Congress currently is considering eight proposals to establish a national COVID Commission. Such commissions routinely follow massively disruptive events in our nation’s life. Unfortunately, such congressionally chartered efforts seldom make much of an imprint on the future, which is their common mandate. This time perhaps that could change, if whichever bill wins out includes a roadmap for meaningful reform of our public health enterprise that, in so many ways, failed as COVID engulfed us.

Consider how federal, state and local health departments were unprepared for a threat that an expert government panel warned, in 2019, was inevitable. Despite its enormous $11 billion budget, the 800-pound gorilla of public health, the federal Centers for Disease Control and Prevention, had no model for how a COVID-like virus would spread, nor how to target preventive measures. Worse, it had not developed a protocol for testing to determine if individuals were infected with a disease, and no plans existed to work with private laboratories to produce test kits for widespread distribution, which, during the onset of COVID, it resisted. These delays cost tens of thousands of lives.
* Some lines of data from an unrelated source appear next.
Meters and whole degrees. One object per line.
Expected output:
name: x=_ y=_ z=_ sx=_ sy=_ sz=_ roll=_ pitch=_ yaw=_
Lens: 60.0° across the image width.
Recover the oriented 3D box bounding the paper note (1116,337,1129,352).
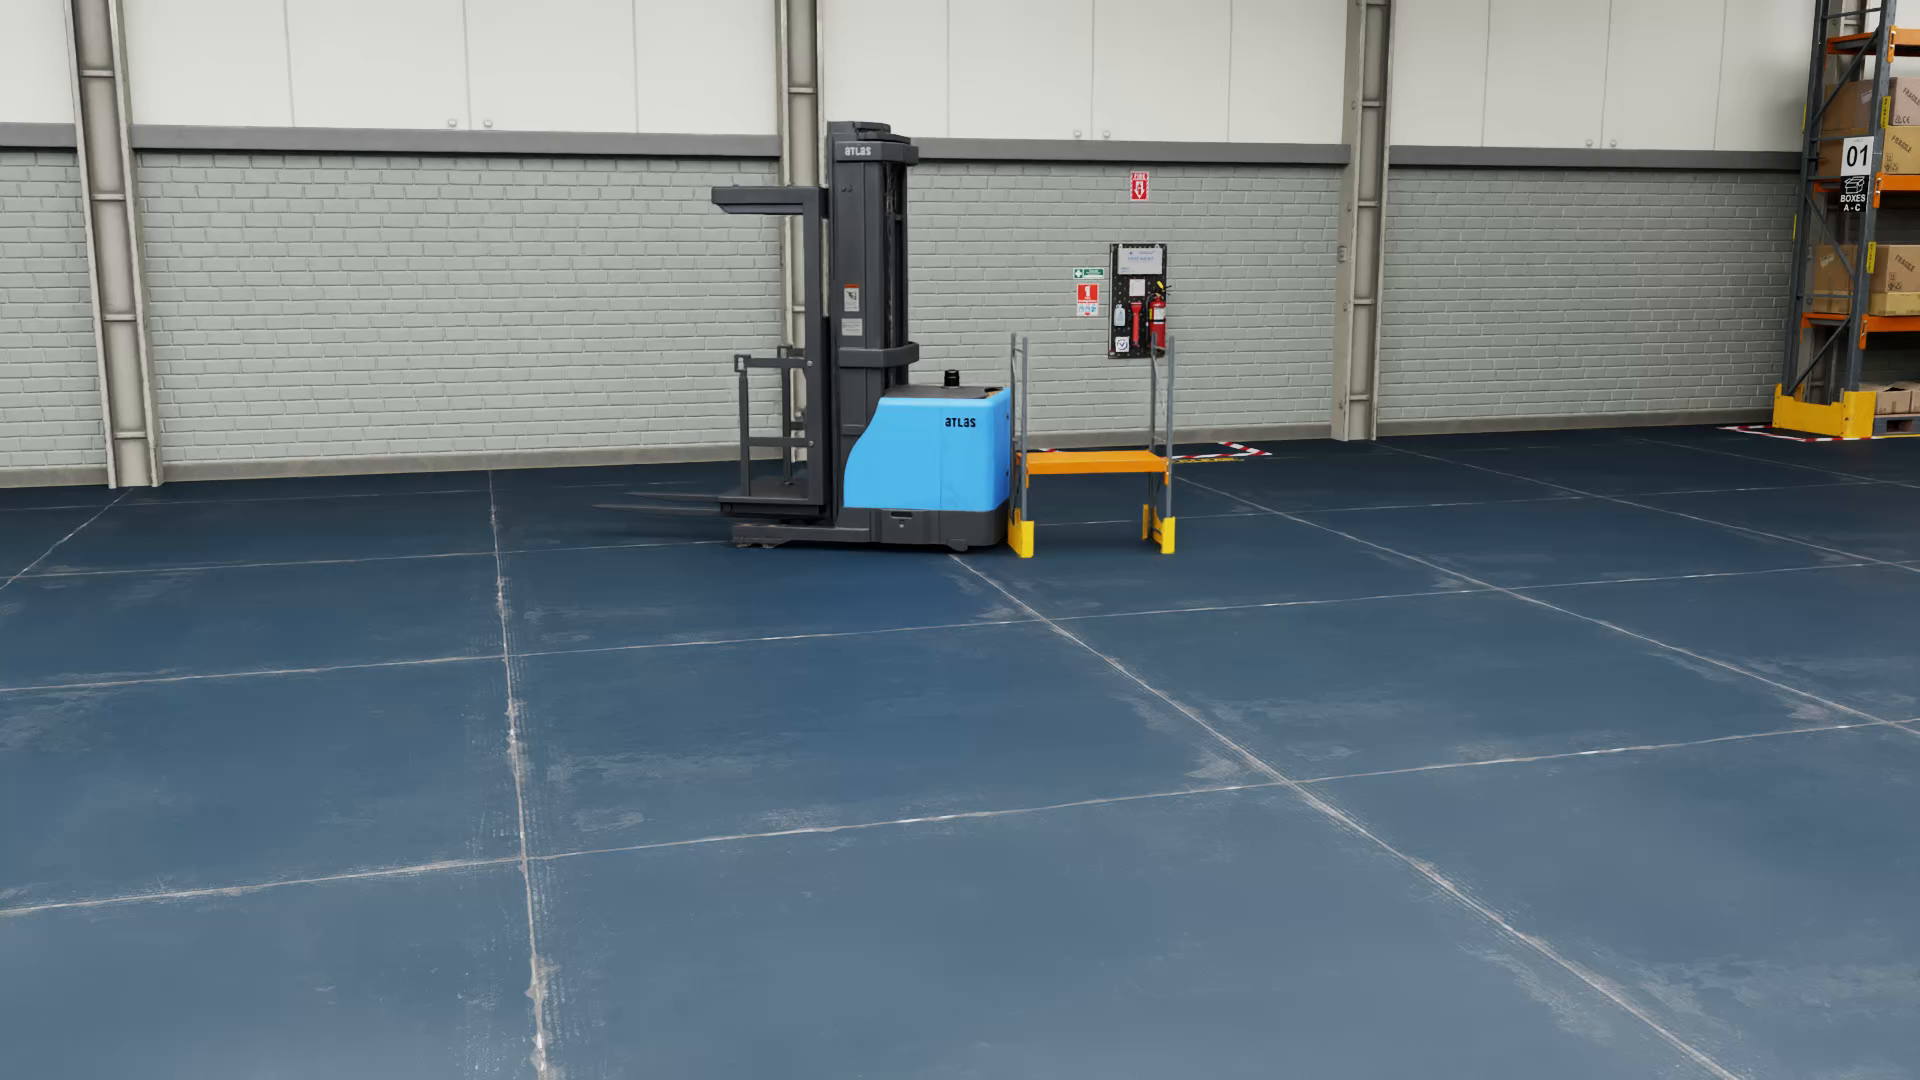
paper note: x=1.677 y=-2.021 z=17.172 sx=0.142 sy=0.148 sz=0.016 roll=-3 pitch=11 yaw=-16

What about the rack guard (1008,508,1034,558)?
rack guard: x=0.423 y=-0.054 z=11.652 sx=0.087 sy=0.250 sz=0.587 roll=-2 pitch=11 yaw=-8

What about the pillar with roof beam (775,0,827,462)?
pillar with roof beam: x=-0.308 y=-4.468 z=11.462 sx=0.400 sy=9.000 sz=9.100 roll=-3 pitch=11 yaw=-16

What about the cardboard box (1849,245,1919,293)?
cardboard box: x=10.123 y=-2.964 z=18.151 sx=0.500 sy=0.500 sz=0.500 roll=-3 pitch=11 yaw=-16

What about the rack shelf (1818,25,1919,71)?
rack shelf: x=11.501 y=-5.384 z=18.431 sx=4.000 sy=0.370 sz=1.077 roll=-3 pitch=11 yaw=-16

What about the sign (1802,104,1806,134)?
sign: x=9.444 y=-4.696 z=18.537 sx=0.005 sy=0.325 sz=0.100 roll=-3 pitch=11 yaw=-16

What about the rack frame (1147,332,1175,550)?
rack frame: x=1.410 y=-0.695 z=11.682 sx=0.032 sy=1.500 sz=0.500 roll=-2 pitch=11 yaw=-8

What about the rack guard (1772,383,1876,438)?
rack guard: x=9.653 y=-1.462 z=18.607 sx=0.348 sy=0.500 sz=1.175 roll=-3 pitch=11 yaw=-16

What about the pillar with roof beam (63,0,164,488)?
pillar with roof beam: x=-6.069 y=-4.164 z=9.812 sx=0.400 sy=9.000 sz=9.100 roll=-3 pitch=11 yaw=-16

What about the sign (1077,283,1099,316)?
sign: x=1.307 y=-2.459 z=17.018 sx=0.234 sy=0.329 sz=0.001 roll=-3 pitch=11 yaw=-16

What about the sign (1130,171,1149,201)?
sign: x=1.831 y=-3.608 z=16.958 sx=0.199 sy=0.298 sz=0.001 roll=-3 pitch=11 yaw=-16

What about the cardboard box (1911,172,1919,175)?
cardboard box: x=10.497 y=-4.216 z=18.047 sx=0.500 sy=0.500 sz=0.500 roll=-2 pitch=11 yaw=-12

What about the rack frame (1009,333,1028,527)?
rack frame: x=0.404 y=-0.669 z=11.536 sx=0.032 sy=1.500 sz=0.500 roll=-2 pitch=11 yaw=-8

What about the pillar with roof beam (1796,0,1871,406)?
pillar with roof beam: x=11.214 y=-5.075 z=14.760 sx=0.400 sy=9.000 sz=9.100 roll=-3 pitch=11 yaw=-16

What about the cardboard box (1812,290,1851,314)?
cardboard box: x=9.975 y=-2.681 z=18.683 sx=0.500 sy=0.250 sz=0.500 roll=-3 pitch=11 yaw=-15

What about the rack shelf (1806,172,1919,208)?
rack shelf: x=11.501 y=-3.910 z=18.703 sx=4.000 sy=0.370 sz=1.077 roll=-3 pitch=11 yaw=-16

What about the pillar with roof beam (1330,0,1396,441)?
pillar with roof beam: x=5.453 y=-4.772 z=13.111 sx=0.400 sy=9.000 sz=9.100 roll=-3 pitch=11 yaw=-16

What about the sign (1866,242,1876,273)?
sign: x=9.732 y=-3.019 z=17.769 sx=0.005 sy=0.325 sz=0.100 roll=-3 pitch=11 yaw=-16

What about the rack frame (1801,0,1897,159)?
rack frame: x=9.580 y=-5.638 z=17.816 sx=0.127 sy=3.000 sz=1.000 roll=-3 pitch=11 yaw=-16

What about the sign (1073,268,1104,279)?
sign: x=1.314 y=-2.718 z=16.963 sx=0.331 sy=0.109 sz=0.001 roll=-3 pitch=11 yaw=-16

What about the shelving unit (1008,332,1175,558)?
shelving unit: x=0.916 y=-0.682 z=11.610 sx=1.083 sy=1.500 sz=0.587 roll=-2 pitch=11 yaw=-8

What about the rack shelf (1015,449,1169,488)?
rack shelf: x=0.907 y=-0.505 z=11.641 sx=1.000 sy=0.185 sz=0.538 roll=-2 pitch=11 yaw=-8

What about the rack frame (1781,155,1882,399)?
rack frame: x=9.580 y=-2.687 z=18.359 sx=0.127 sy=3.000 sz=1.000 roll=-3 pitch=11 yaw=-16

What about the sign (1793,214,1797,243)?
sign: x=9.444 y=-3.510 z=18.756 sx=0.005 sy=0.325 sz=0.100 roll=-3 pitch=11 yaw=-16

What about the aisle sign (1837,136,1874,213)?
aisle sign: x=9.595 y=-3.910 z=17.821 sx=0.004 sy=0.787 sz=0.394 roll=-3 pitch=11 yaw=-16

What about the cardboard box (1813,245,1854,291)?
cardboard box: x=9.974 y=-3.053 z=18.634 sx=0.500 sy=0.500 sz=0.500 roll=-3 pitch=11 yaw=-17

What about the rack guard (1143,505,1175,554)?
rack guard: x=1.409 y=-0.081 z=11.795 sx=0.087 sy=0.250 sz=0.587 roll=-2 pitch=11 yaw=-8

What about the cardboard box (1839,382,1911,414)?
cardboard box: x=10.270 y=-1.601 z=18.668 sx=0.500 sy=0.311 sz=0.500 roll=-4 pitch=11 yaw=-22

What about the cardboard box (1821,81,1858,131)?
cardboard box: x=9.921 y=-4.781 z=18.352 sx=0.500 sy=0.500 sz=0.500 roll=-3 pitch=11 yaw=-13

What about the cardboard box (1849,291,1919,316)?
cardboard box: x=10.138 y=-2.593 z=18.205 sx=0.500 sy=0.250 sz=0.500 roll=-3 pitch=11 yaw=-18

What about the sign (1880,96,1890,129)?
sign: x=9.732 y=-4.498 z=17.496 sx=0.005 sy=0.325 sz=0.100 roll=-3 pitch=11 yaw=-16

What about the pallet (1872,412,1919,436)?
pallet: x=10.443 y=-1.355 z=18.823 sx=1.213 sy=0.211 sz=1.003 roll=-3 pitch=11 yaw=-16

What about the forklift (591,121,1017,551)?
forklift: x=-1.151 y=-1.473 z=11.953 sx=3.031 sy=2.935 sz=1.130 roll=2 pitch=11 yaw=11

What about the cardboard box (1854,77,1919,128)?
cardboard box: x=10.018 y=-4.691 z=17.863 sx=0.500 sy=0.500 sz=0.500 roll=-4 pitch=11 yaw=-20

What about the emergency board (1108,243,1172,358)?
emergency board: x=1.866 y=-2.451 z=17.076 sx=0.643 sy=1.169 sz=0.194 roll=-3 pitch=11 yaw=-16

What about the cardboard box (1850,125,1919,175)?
cardboard box: x=9.971 y=-4.195 z=17.933 sx=0.500 sy=0.500 sz=0.500 roll=-3 pitch=11 yaw=-14

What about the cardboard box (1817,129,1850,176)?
cardboard box: x=9.910 y=-4.287 z=18.431 sx=0.500 sy=0.500 sz=0.500 roll=-2 pitch=11 yaw=-12

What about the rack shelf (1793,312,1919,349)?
rack shelf: x=11.501 y=-2.435 z=18.974 sx=4.000 sy=0.370 sz=1.077 roll=-3 pitch=11 yaw=-16

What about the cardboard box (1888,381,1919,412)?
cardboard box: x=10.817 y=-1.630 z=18.825 sx=0.500 sy=0.311 sz=0.500 roll=-2 pitch=11 yaw=-11

The CDC’s often-contradictory advice made Americans skeptical of preventive guidance, from lockdowns to masking and, subsequently, of vaccine efficacy and vaccine mandates. One might wonder if today’s CDC and local health departments could rise to the occasion, as did their predecessors, to beat back cholera, stop malaria, conquer polio or obliterate smallpox. Given the ability of malevolent actors to manipulate the genetic codes of viruses, the threats ahead are far greater.